La question est posée : à qui s’adresse donc cette communication absconse dont les rédactions sont inondées ? Aux architectes entre eux dans une sorte de compétition : qui a la plus grosse HQE et à chacun son manifeste ? Aux maîtres d’ouvrage qu’il faut séduire comme le font des marchands de tapis verts ? Aux élus pour qu’ils puissent eux-mêmes rajouter de la confiture aux épinards lors de l’inauguration ? Aux journalistes généralistes qui seront (peut-être) impressionnés ? Aux journalistes spécialisés qui n’iront jamais vérifier les données ?

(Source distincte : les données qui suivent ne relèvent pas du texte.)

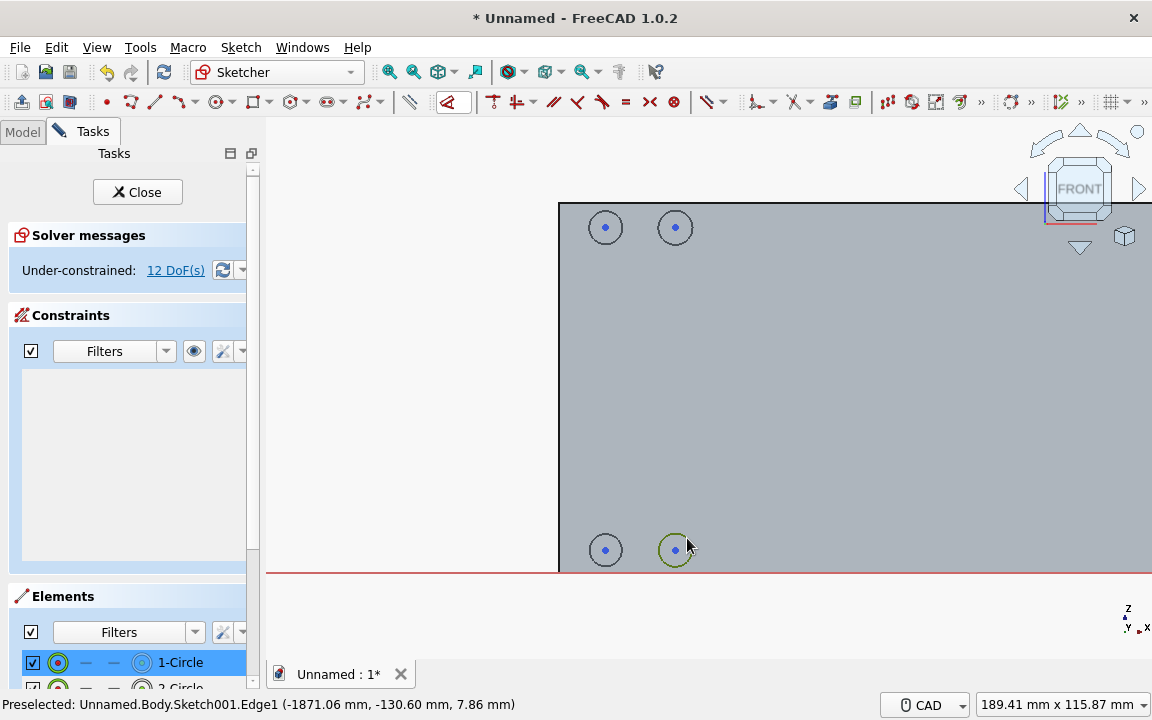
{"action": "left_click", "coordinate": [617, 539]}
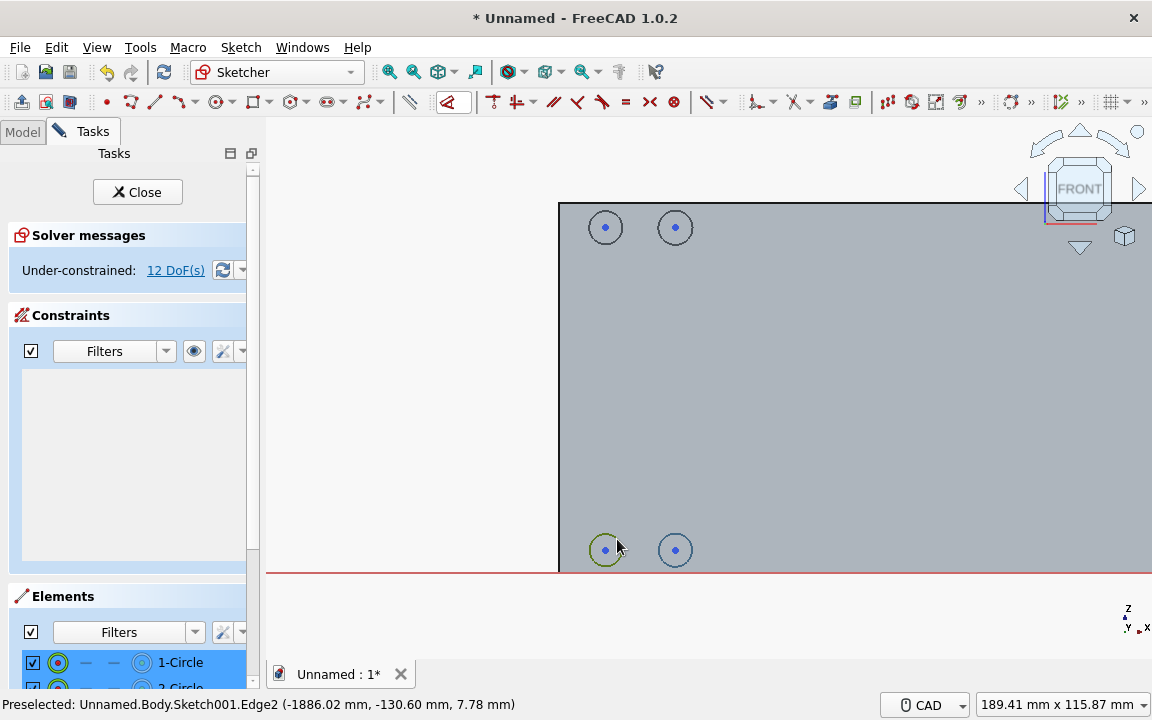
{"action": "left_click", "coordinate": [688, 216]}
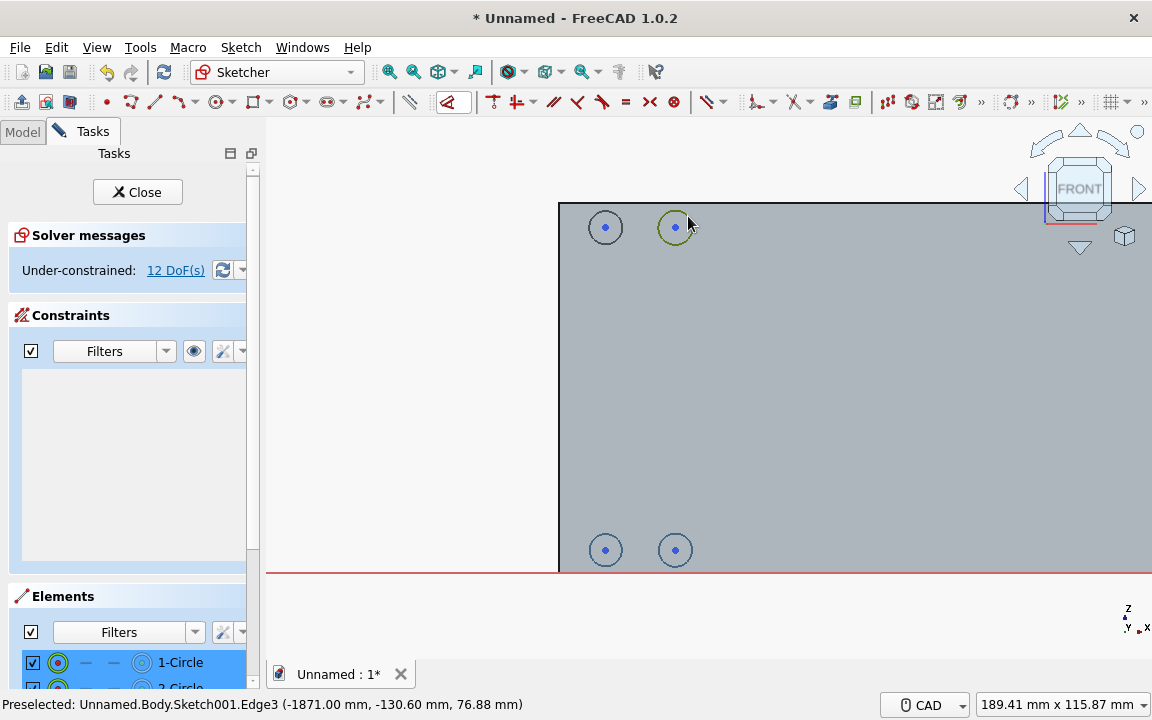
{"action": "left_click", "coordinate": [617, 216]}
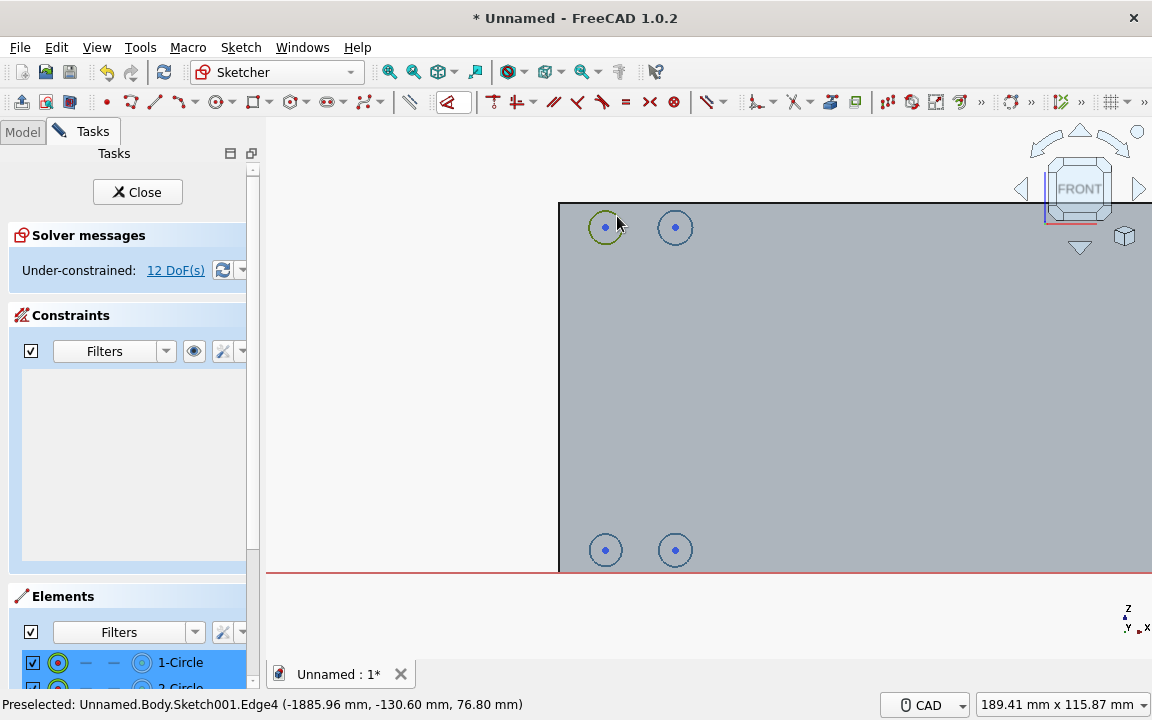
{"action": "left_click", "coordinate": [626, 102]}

Ces bonnes œuvres aux multiples intitulés originaux ne sont en tout cas pas destinées au quidam dans la rue, lequel n’y comprenant déjà pas grand-chose, pour le coup n’y comprend plus rien du tout. La raison sans doute pour laquelle le gouvernement pédagogue a fini par imaginer pour le bon peuple un code couleur comme à la maternelle : vert c’est bien, rouge ce n’est pas bien. Et, pour ceux qui savent lire : A, bien ; G, pas bien !
Si nous en sommes-là de l’intelligence non artificielle, alors à quoi, ou à qui, peuvent bien servir tous ces labels pourtant vigoureusement mis en exergue et soutenus dans un bel ensemble assez inattendu par les architectes, les maîtres d’ouvrage, les promoteurs, les aménageurs, les bureaux d’études, les agences de com, les élus, etc. ?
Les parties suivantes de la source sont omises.